_ACTIVITY:_ An exact copy of the lines from the one containing "Then the wall cable (1009,0,1241,229)." through the final line of the records is the only acceptable answer.
════════════════════
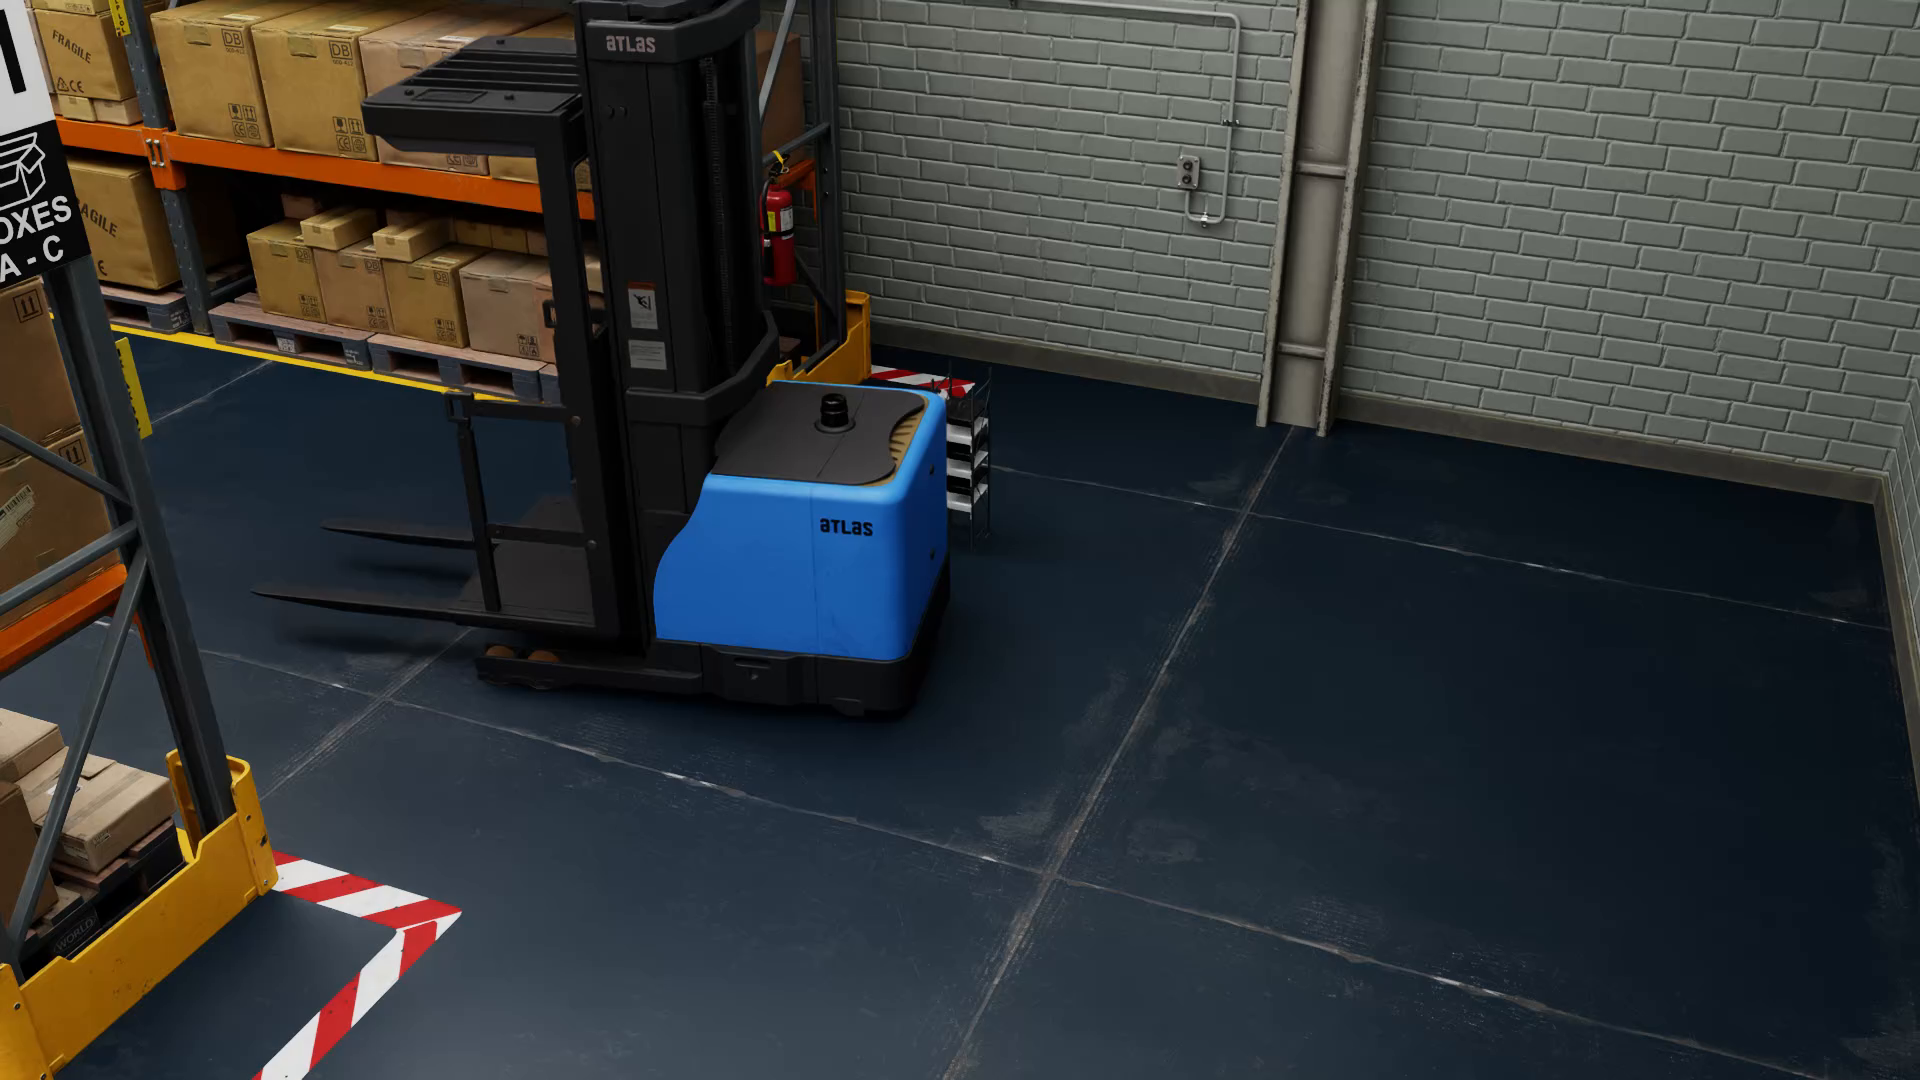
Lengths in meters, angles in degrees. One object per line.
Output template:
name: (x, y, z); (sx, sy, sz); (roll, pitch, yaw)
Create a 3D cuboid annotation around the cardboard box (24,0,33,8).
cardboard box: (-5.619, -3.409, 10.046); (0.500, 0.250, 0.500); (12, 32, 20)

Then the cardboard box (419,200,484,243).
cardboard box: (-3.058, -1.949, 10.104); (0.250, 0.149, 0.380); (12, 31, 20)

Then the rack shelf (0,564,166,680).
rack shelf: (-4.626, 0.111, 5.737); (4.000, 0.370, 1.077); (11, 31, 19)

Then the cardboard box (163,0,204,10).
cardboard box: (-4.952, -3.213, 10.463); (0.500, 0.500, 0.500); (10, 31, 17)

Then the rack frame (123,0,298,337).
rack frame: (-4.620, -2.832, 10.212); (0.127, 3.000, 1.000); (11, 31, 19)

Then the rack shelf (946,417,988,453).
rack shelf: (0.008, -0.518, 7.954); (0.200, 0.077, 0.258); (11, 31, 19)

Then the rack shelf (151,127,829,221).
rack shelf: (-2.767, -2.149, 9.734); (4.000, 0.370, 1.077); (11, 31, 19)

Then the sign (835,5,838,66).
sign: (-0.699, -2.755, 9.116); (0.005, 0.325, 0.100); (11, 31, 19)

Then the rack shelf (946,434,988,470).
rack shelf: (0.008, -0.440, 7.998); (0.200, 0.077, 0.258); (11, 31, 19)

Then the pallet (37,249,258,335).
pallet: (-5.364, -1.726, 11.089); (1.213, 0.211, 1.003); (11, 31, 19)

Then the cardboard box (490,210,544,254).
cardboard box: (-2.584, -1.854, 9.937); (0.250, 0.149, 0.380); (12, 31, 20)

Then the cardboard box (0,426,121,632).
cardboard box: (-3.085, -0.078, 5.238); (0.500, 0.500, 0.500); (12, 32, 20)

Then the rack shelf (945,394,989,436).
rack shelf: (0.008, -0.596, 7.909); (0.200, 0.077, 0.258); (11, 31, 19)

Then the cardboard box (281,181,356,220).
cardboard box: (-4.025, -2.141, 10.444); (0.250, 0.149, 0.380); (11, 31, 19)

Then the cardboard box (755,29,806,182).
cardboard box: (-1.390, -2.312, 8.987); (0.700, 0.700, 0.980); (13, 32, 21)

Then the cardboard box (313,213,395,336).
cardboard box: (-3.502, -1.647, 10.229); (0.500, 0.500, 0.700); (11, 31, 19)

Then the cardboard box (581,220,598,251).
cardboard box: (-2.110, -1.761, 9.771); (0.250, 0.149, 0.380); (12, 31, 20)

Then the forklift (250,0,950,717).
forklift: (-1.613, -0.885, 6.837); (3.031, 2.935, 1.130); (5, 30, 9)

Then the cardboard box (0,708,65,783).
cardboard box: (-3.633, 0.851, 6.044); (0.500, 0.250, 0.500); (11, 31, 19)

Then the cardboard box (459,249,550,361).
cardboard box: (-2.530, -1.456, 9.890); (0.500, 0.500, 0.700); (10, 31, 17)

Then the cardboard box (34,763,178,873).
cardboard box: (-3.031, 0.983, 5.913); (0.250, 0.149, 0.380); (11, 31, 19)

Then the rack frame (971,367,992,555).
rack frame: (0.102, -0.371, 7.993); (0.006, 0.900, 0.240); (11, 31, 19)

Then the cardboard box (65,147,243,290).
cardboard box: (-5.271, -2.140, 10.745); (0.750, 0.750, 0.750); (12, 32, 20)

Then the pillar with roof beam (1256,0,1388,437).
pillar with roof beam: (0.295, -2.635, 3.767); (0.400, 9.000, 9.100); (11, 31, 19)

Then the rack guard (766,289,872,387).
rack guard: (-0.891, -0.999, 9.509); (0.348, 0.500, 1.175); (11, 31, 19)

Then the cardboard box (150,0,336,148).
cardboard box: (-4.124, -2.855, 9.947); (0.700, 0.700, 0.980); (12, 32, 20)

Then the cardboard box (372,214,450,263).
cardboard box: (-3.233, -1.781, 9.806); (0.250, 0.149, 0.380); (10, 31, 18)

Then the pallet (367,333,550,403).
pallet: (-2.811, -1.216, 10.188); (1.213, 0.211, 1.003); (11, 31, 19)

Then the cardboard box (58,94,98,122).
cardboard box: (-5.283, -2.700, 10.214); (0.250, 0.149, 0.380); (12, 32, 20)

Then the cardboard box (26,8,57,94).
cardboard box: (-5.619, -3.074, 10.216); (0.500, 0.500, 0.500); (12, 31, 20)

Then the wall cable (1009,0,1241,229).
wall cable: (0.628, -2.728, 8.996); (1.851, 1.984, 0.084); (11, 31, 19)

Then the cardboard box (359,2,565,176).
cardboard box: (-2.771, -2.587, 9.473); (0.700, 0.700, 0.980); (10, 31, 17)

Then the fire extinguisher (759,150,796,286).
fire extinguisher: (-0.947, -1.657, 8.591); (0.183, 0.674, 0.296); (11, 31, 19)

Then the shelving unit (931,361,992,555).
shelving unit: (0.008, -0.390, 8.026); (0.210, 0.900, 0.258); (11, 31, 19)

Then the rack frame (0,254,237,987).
════════════════════
_OUTPUT:_
Then the wall cable (1009,0,1241,229).
wall cable: (0.628, -2.728, 8.996); (1.851, 1.984, 0.084); (11, 31, 19)

Then the cardboard box (359,2,565,176).
cardboard box: (-2.771, -2.587, 9.473); (0.700, 0.700, 0.980); (10, 31, 17)

Then the fire extinguisher (759,150,796,286).
fire extinguisher: (-0.947, -1.657, 8.591); (0.183, 0.674, 0.296); (11, 31, 19)

Then the shelving unit (931,361,992,555).
shelving unit: (0.008, -0.390, 8.026); (0.210, 0.900, 0.258); (11, 31, 19)

Then the rack frame (0,254,237,987).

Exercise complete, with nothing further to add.